Ok, muchas gracias pandacba, mañana por la mañana a primera hora lo pruebo, tengo diodos 1N4004. y te digo como ha ido


----------



## locosxlamoto (Abr 29, 2011)

Funciona !!! Muchisimas gracias por tu aporte, efectivamente si lo dejo todo en paralelo , R y diodoLED no funciona, pero al poner directamente el relé con el diodo funciona, así que seguidamente he conectado la electroválvula que comanda el relé. Ahora ya sale agua cuando ponemos las manos bajo el grifo...... Gracias de nuevo. Saludos.
PD: Curiosamente solo me funciona con fuente de 5V ( utilizo un cargador de telefono movil, 5,2V-350mA ), con alimentación de 7V -350mA, no funciona ( el rele se volvia loco) pese a indicaciones de que el circuito funciona desde los 5 a los 9V, sabes por qué? es por el cargador del movil, la I?

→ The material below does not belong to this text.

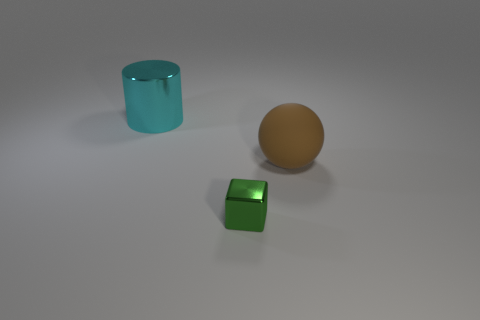Are there fewer small green metallic things that are to the right of the large brown rubber object than large balls on the right side of the tiny metal thing? Yes, upon examining the image, there appears to be just one small green metallic object to the right of the large brown sphere, while there are no large balls on the right side of the tiny metal cube. So there are indeed fewer small green metallic things than large balls as described in your question. 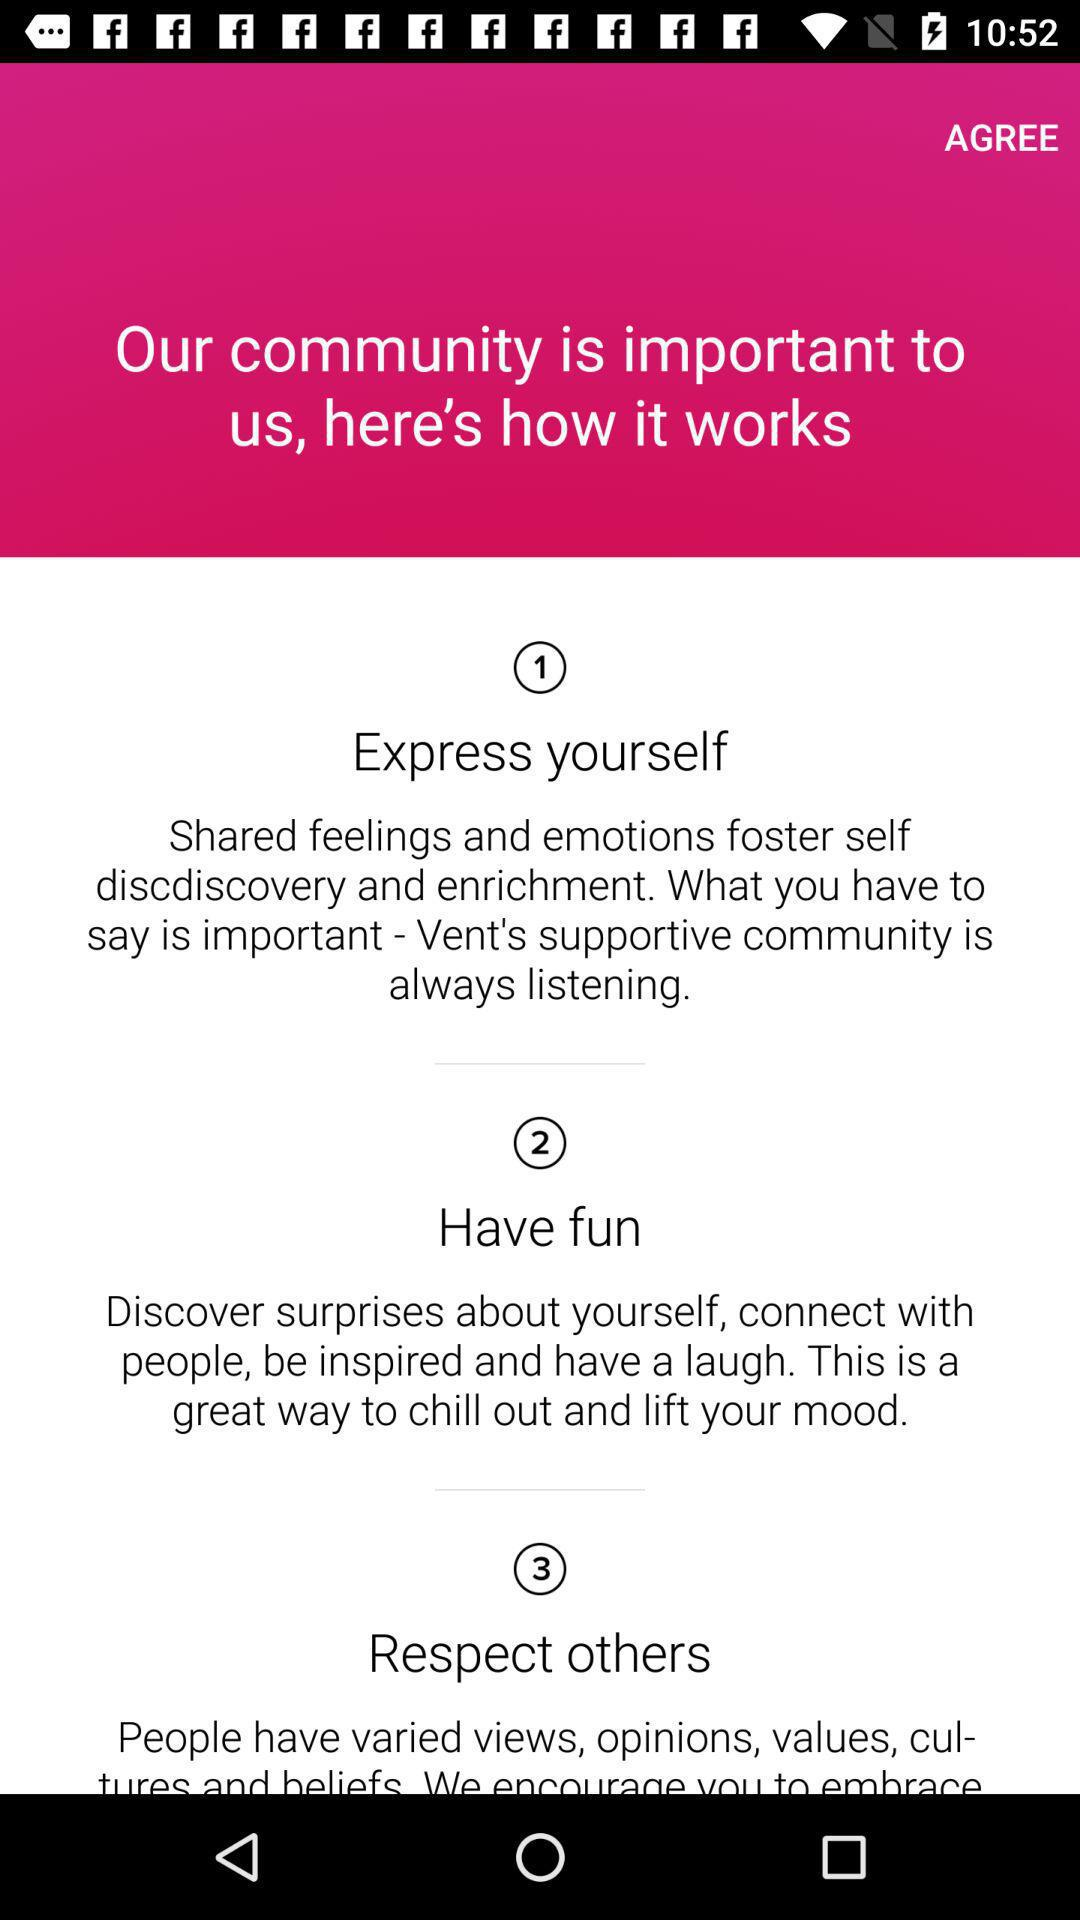What are the points? The points are "Express yourself :Shared feelings and emotions foster self discdiscovery and enrichment. What you have to say is important- Vent's supportive community is always listening", "Have fun: Discover surprises about yourself, connect with people, be inspired and have a laugh. This is a great way to chill out and lift your mood", and "Respect others: People have varied views, opinions, values, cultures and beliefs. We encourage you to embrace".

Otra cosa, ahora he perdido la opcion de saber cuando funciona el sensor de presencia, es decir, ya no avisa el led apagándose, si no el rele que se desactiva y aprovecho para abrir la electroválvula. No se si es la mejor opcion pese a que funciona, ya que sin presencia de nada el relé esta activado (consumiendo), la presencia de algo es lo que desactiva el relé. Debería estar esta parte del relé en la pata del emisor con tierra para obtener el efecto contrario? Gracias de nuevo por tu experiencia


----------



## Scooter (Abr 29, 2011)

Pues depende. ¿Si se va la corriente, como quieres que se quede?


----------



## locosxlamoto (Abr 30, 2011)

Al activar la corriente el relé se activa, claro, si se va, activara la electrovalvula, pero si se va tambien la alterna el agua no saldra, el problema vendria si se va la continua, el relé queda en posicion de activar la alterna; se abriria la electrovalvula,

Ese fue el motivo de utilizar el optoacoplador, que , segun el esquema arriba enviado, solo activa el relé en el caso de no recibir señal del LED.

Si acaso probare el optodarlington a ver si funciona para que al encender todo, no active el rele hasta la deteccion de presencia, si no , no se me ocurre alternativa. Pensaba en poner el LED y su resistencia en el lado del emisor ( recordando el famoso circuito LDR deteccion de luz o oscuridad ) pero como mis conocimientos de electonica son limitados, no se si funcionara, menos mal que los componentes son baratos ( escepto el fotoreceptor ) y si fundimos algun transistor, tenemos repuesto...... 

Si pongo el relé //1N4007  en la pata del emisor conseguiré lo comentado? Gracias


----------



## Scooter (Abr 30, 2011)

Depende, igual se rompe solo la fuente de tu circuito. Tienes que pensar la condición mas segura para dejar de funcionar.
Si quieres un led ponlo sencillamente en serie con el del optoacoplador, reduces la resistencia limitadora y ya está.
Sigo sin entender para que quieres un optoacoplador y un relé, el optoacoplador sobra claramente.


----------



## locosxlamoto (Abr 30, 2011)

Lo del opto




era solo para activar la salida ( al rele ) solo en el caso de no detectar presencia ( es decir, led apagado ).

del fichero encontrado "_La tensión de la fuente de la izquierda y la resistencia en serie establecen una corriente en el LED emisor cuando se cierra el interruptor S1. Si dicha corriente proporciona un nivel de luz adecuado, al incidir sobre el fototransistor lo saturará, generando una corriente en R2. De este modo la tensión de salida será igual a cero con S1 cerrado y a V2 con S1 abierto."_
La solucion que funciona, poner directamente el rele, implica que el rele siempre esta activado (consumo ) hasta que el led apagado (presencia ), lo desactiva.

Queria tan solo implementar la opcion de que todo este apagado ( rele ) en situacion de reposo ( no presencia )


----------